DATASET:
──────────────────────────────
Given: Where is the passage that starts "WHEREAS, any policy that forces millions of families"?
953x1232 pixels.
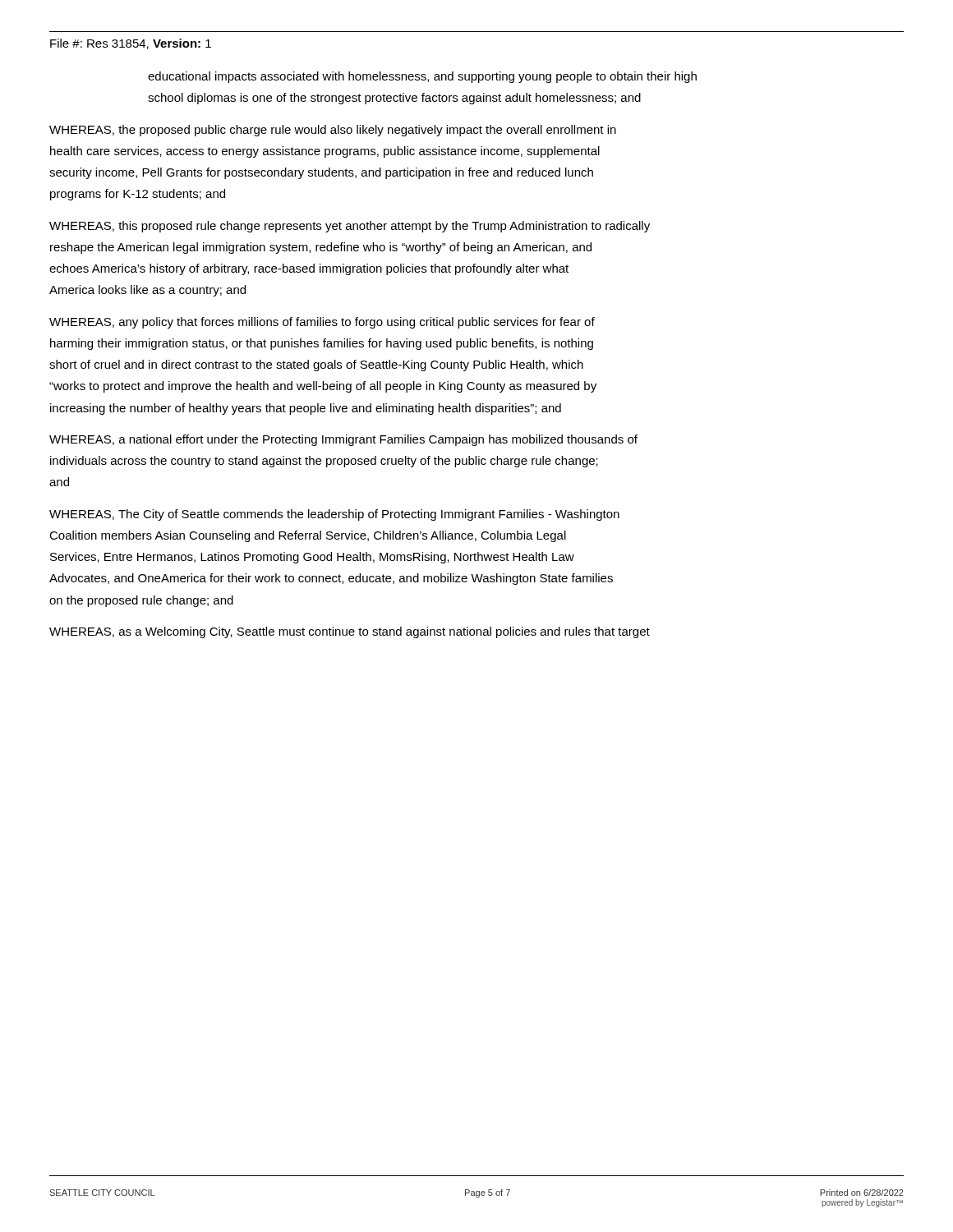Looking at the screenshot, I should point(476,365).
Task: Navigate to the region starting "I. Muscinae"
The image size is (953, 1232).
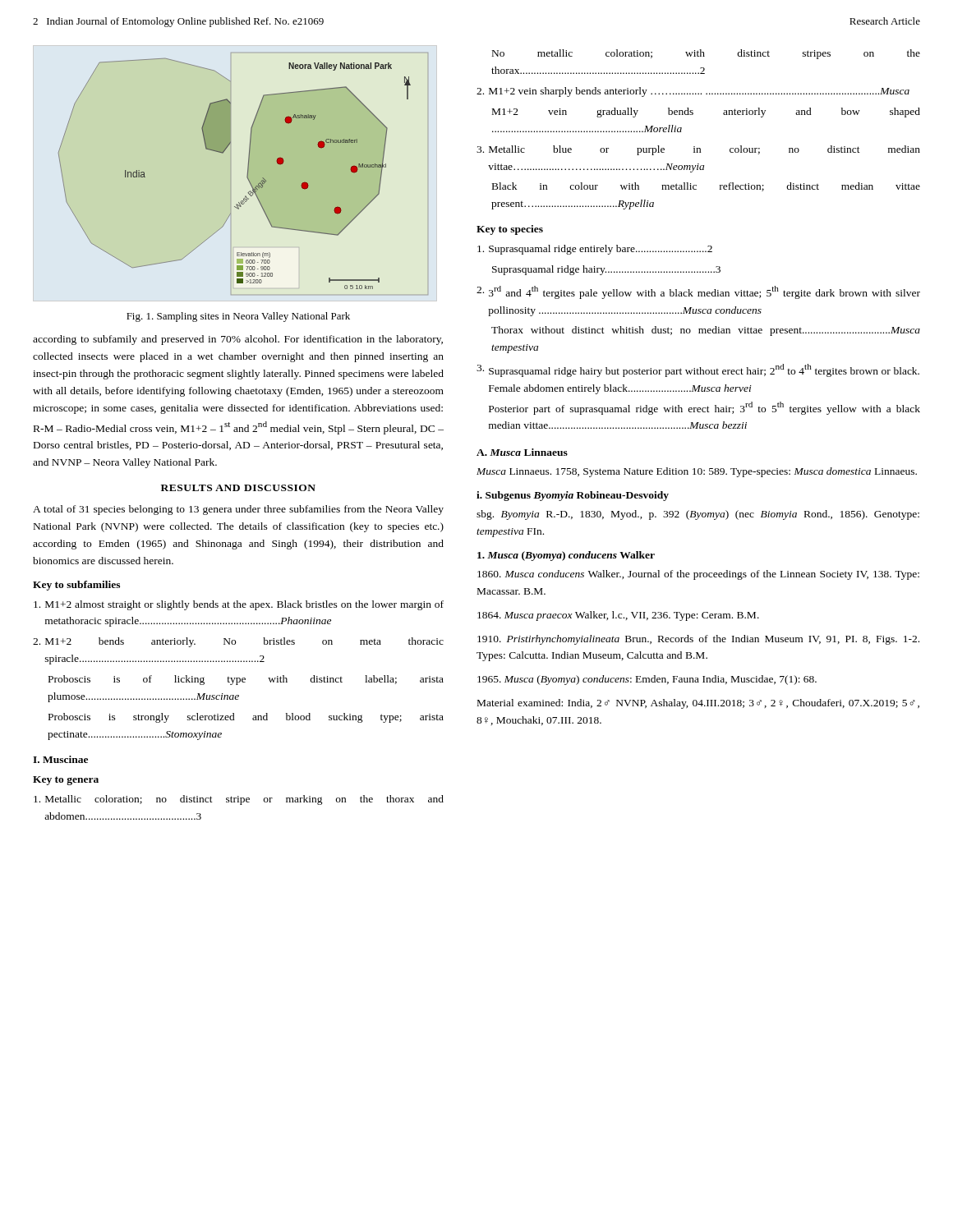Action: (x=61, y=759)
──────────────────────────────
BRIEF: Copy out each record word for word and omit any pictures.

WRITTEN REPLY:
Given: Where is the passage that starts "WHEREAS, any policy that forces millions of families"?
953x1232 pixels.
Looking at the screenshot, I should point(476,365).
Task: Navigate to the region starting "I. Muscinae"
The image size is (953, 1232).
Action: (x=61, y=759)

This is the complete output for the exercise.